There is a lot to consider when allowing more than ASCII for usernames (and other attributes you assume is unique). https://engineering.atspotify.com/2013/6/creative-usernames
That was a very interesting article, thanks for sharing!
I really appreciate this post, thanks. My friend has also informed me that there may also be implications of using each of these data types when executing dynamic SQL (EXEC vs. sp_executesql) and the query plans being stored, not not.
Very interesting and useful article on compression. However, I have let it send me down a rabbit hole that lead to a warren. In checking table size changes I discovered my main database is *massively* io-bound, with 21.7ms Avg Read Wait and 1,177.8 Avg Write Wait. Yikes! All the other databases, bar one, are reasonable. Methinks I’ve got some work to do!
Just the fact that you specify say varchar(20), but only fit 19 characters. Or 18. Or 20. Or 17. Etc. It depends.
That alone, if forced to use UTF-8, would make me feel like Sideshow Bob stepping on that rake
[…] Which Should You Use: VARCHAR or NVARCHAR? (Brent Ozar) […]
[…] Brent Ozar asks a question: […]
I’m confused. Why does row compression help? Isn’t the whole point of having a variable length column that you don’t need row compression to save unused space?
Great question! Fire open your favorite LLM, like ChatGPT, Claude, or Gemini, and ask how row compression helps. It’s a great way to learn in situations like this.
Row compression activates Unicode compression. Uncompressed Unicode values are stored as UCS-2, or 2 bytes per character. That’s why.
https://learn.microsoft.com/en-us/sql/relational-databases/data-compression/unicode-compression-implementation?view=sql-server-ver17
How does row compression on NVARCHAR affect CPU performance? Will I save on disk, use memory nearly as efficiently, and allow for unicode characters but need increase my CPU count slightly? Thus increasing my overall cost for licensing?
Eric – that’s beyond the scope of this post. (There are only so many things I can teach y’all in each free blog post – hope that’s fair!)
Compression can cause CPU usage to go up, but it can just as easily cause it to go down. Even taking into account CPU concerns, Kendra Little’s general recommendation (as of 2024) is: “Please Compress Your Indexes and Shrink Your Databases if you use Azure SQL Managed Instance.” This recommendation probably also applies to other cloud hosts.

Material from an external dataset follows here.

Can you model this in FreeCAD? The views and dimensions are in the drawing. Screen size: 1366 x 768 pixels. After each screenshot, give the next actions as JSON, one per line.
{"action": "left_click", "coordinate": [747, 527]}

Here, she was going a step further and suggesting page compression.
Important part of the post: use NVARCHAR only, when there is a chance that it may contain unicode AND you apply at least row compression and ensures that every junior dba follow that rule.

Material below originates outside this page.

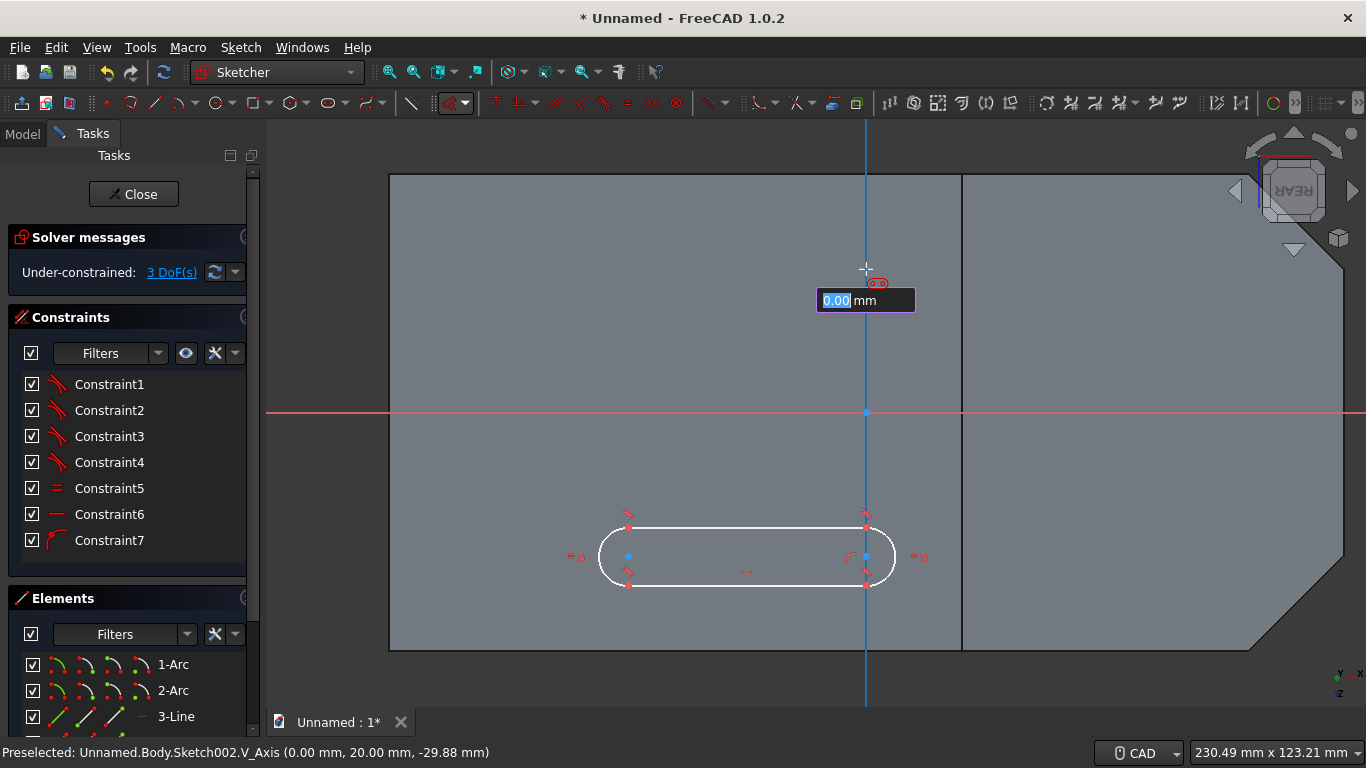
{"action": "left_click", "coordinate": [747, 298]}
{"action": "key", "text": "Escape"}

There are often columns that contain strings that are some sort of key values and are always in English (or your own language) and can’t be filled by the user itself (yes, a dimension table and substitude key would often enough be better, but …).
Phone numbers, international country codes, currency codes etc. are stored as VARCHAR often too.
It make no sense to user NVARCHAR here (you don’t want smileys or Chinese signs in the phone number and country / currency are standarized latin codes).
As others have said, when you should use nvarchar depends:
* A code comprised of only of digits? Obviously varchar.
* An app used only by a single US company that only does business in the US? Varchar is probably fine for every column.
* An app that might be used by companies or users outside the US. Nvarchar
What is overlooked in the “disk space is cheap” analysis is, “expanding disk space (or memory capacity) is cheaper than overhauling the app(s) (and dependencies) because you have to switch to nvarchar”.